* Problem requirements
The records must be retyped exactly, with no pictures included.

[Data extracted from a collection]
_ _ _

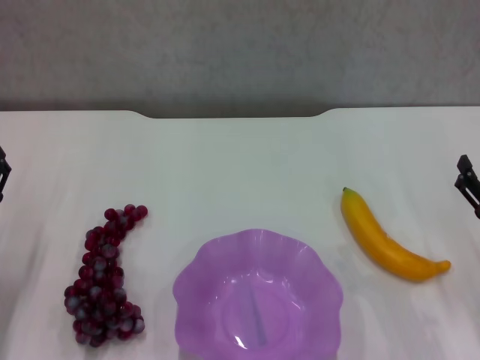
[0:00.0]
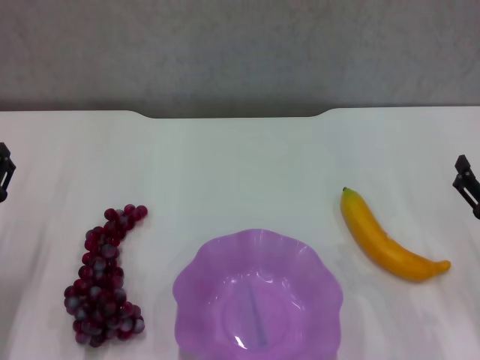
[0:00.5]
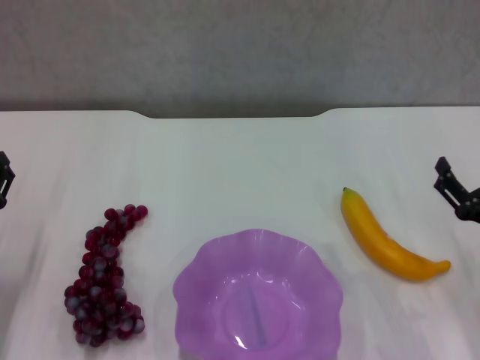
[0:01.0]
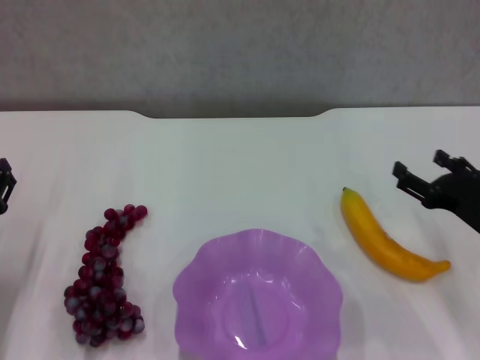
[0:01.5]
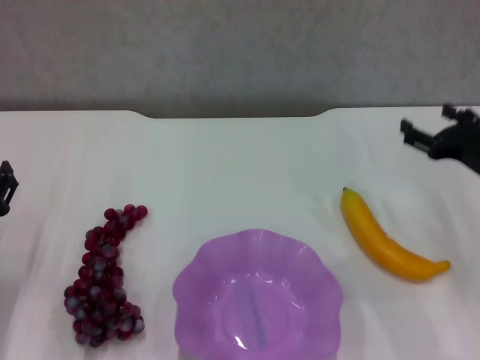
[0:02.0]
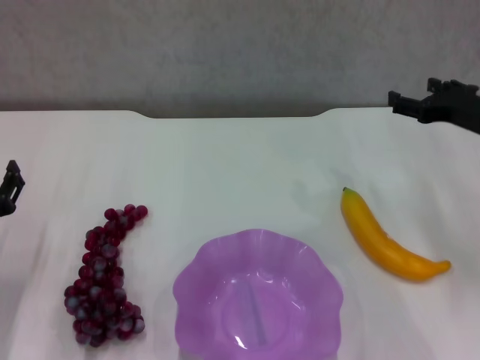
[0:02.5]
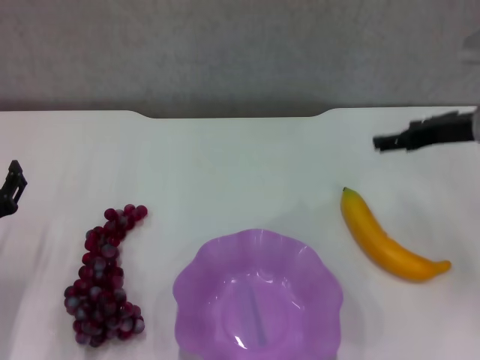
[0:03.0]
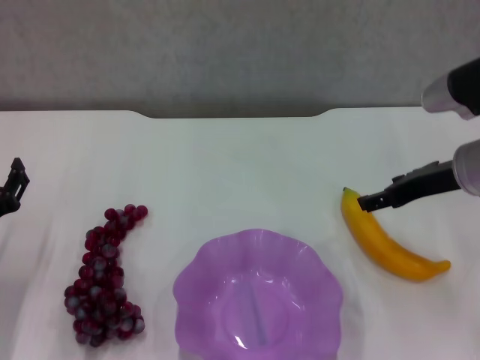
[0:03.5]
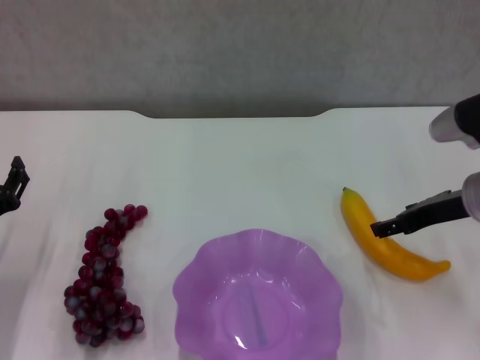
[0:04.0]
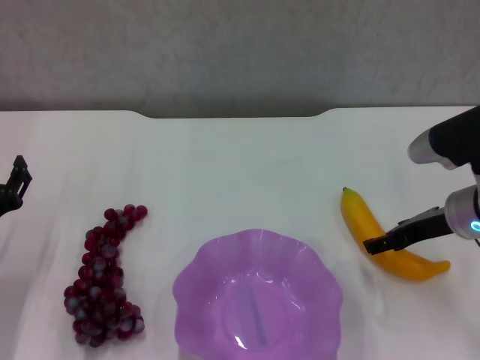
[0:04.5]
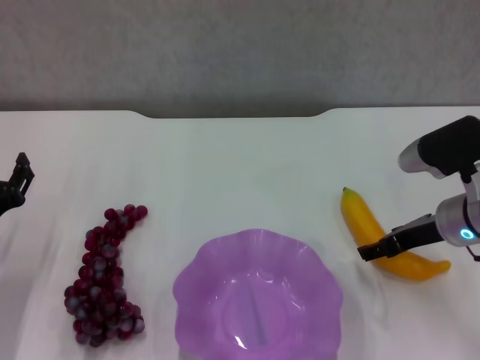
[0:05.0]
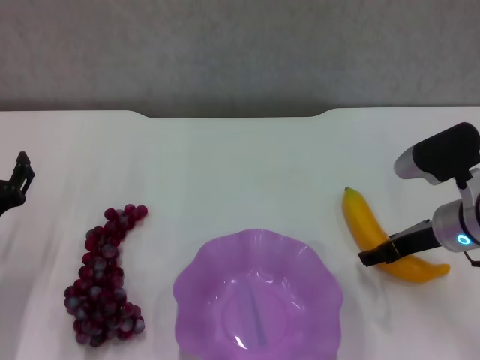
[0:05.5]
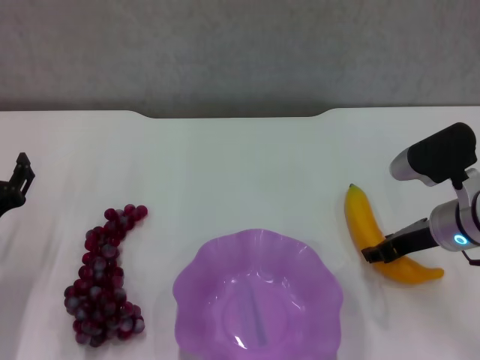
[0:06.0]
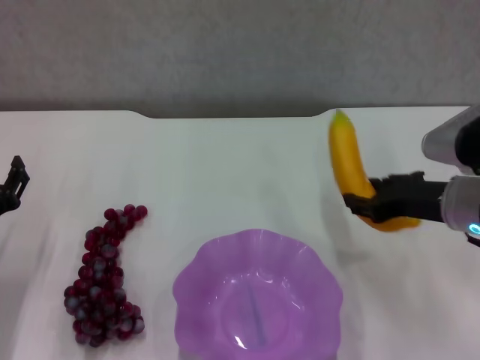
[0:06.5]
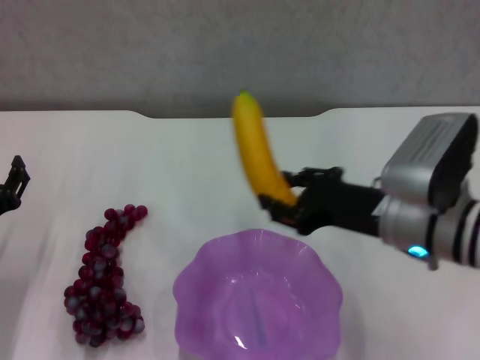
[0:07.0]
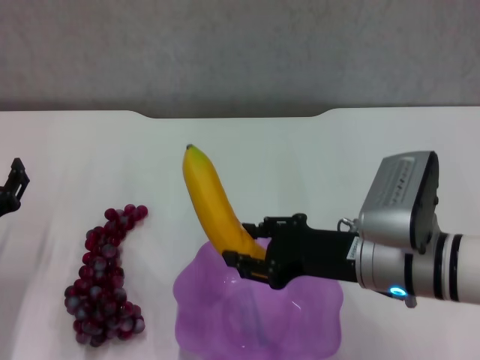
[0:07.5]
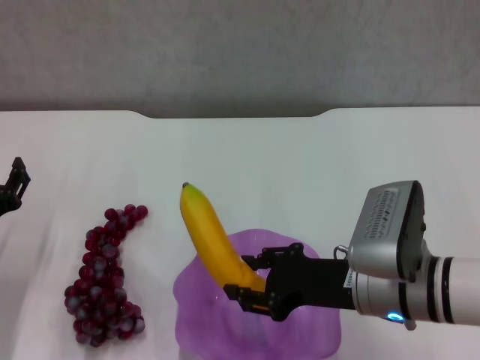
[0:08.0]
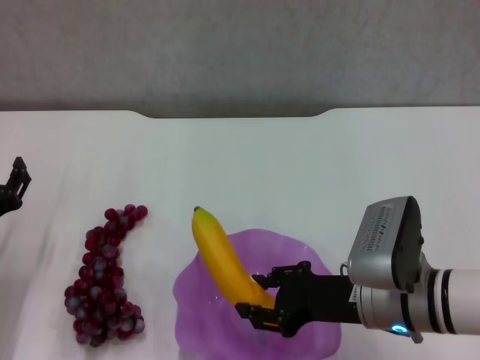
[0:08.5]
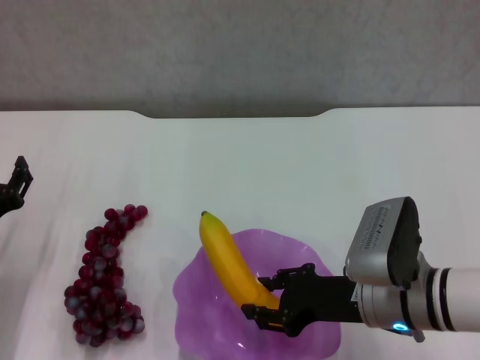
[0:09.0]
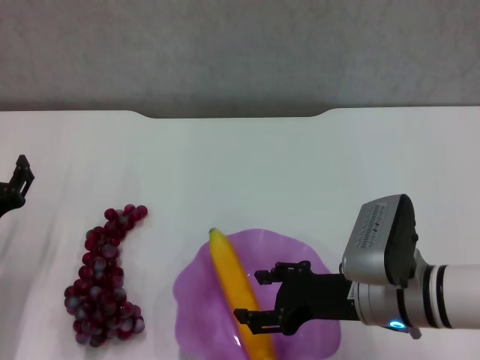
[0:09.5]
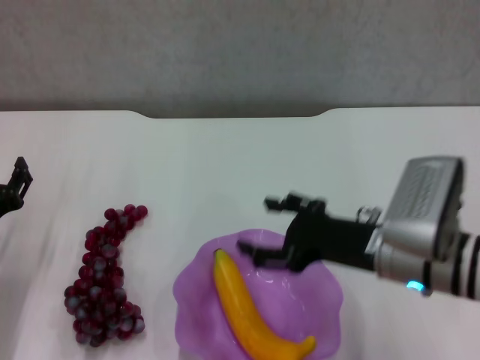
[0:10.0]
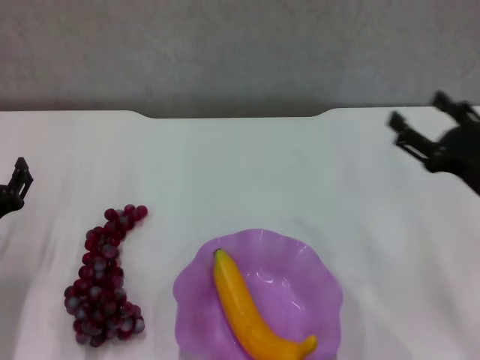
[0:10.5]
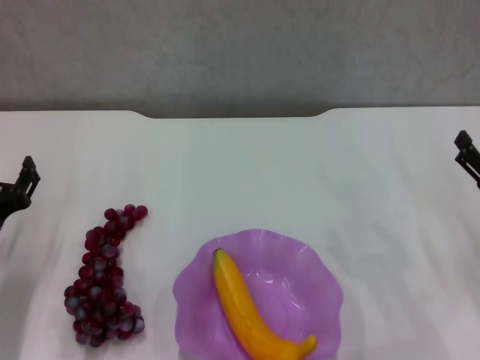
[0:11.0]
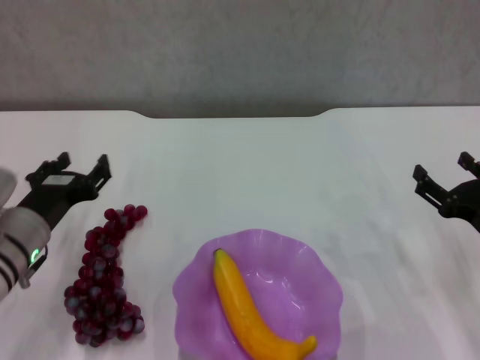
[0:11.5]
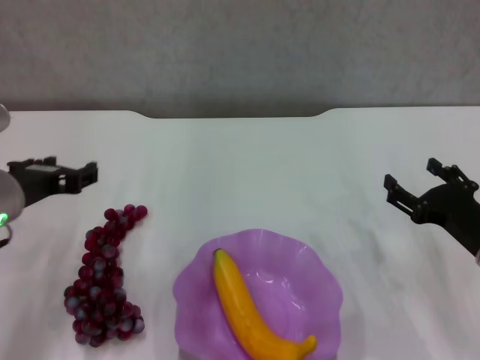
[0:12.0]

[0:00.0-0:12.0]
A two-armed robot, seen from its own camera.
Step, 0:00.0 to 0:05.5: Grasp the banana with right gripper.
Step, 0:06.0 to 0:10.0: Place the banana in the purple plate with right gripper.
0:00.0 to 0:02.0: The right gripper goes roughly 10 cm forward.
0:04.0 to 0:06.0: The right gripper closes its fingers.
0:06.0 to 0:08.0: The right gripper is displaced backward and to the left by approximately 10 cm.
0:08.0 to 0:10.0: The right gripper opens its fingers.
0:10.0 to 0:12.0: The left gripper travels upward and to the right by roughly 10 cm, while the right gripper is displaced to the right and downward by approximately 15 cm.

_ _ _

* Exercise solution
[0:00.0]
[0:00.5]
[0:01.0]
[0:01.5]
[0:02.0]
[0:02.5]
[0:03.0]
[0:03.5]
[0:04.0]
[0:04.5]
[0:05.0]
[0:05.5]
[0:06.0]
[0:06.5]
[0:07.0]
[0:07.5]
[0:08.0]
[0:08.5]
[0:09.0]
[0:09.5]
[0:10.0]
[0:10.5]
[0:11.0]
[0:11.5]
[0:12.0]

[0:00.0-0:12.0]
A two-armed robot, seen from its own camera.
Step, 0:00.0 to 0:05.5: Grasp the banana with right gripper.
Step, 0:06.0 to 0:10.0: Place the banana in the purple plate with right gripper.
0:00.0 to 0:02.0: The right gripper goes roughly 10 cm forward.
0:04.0 to 0:06.0: The right gripper closes its fingers.
0:06.0 to 0:08.0: The right gripper is displaced backward and to the left by approximately 10 cm.
0:08.0 to 0:10.0: The right gripper opens its fingers.
0:10.0 to 0:12.0: The left gripper travels upward and to the right by roughly 10 cm, while the right gripper is displaced to the right and downward by approximately 15 cm.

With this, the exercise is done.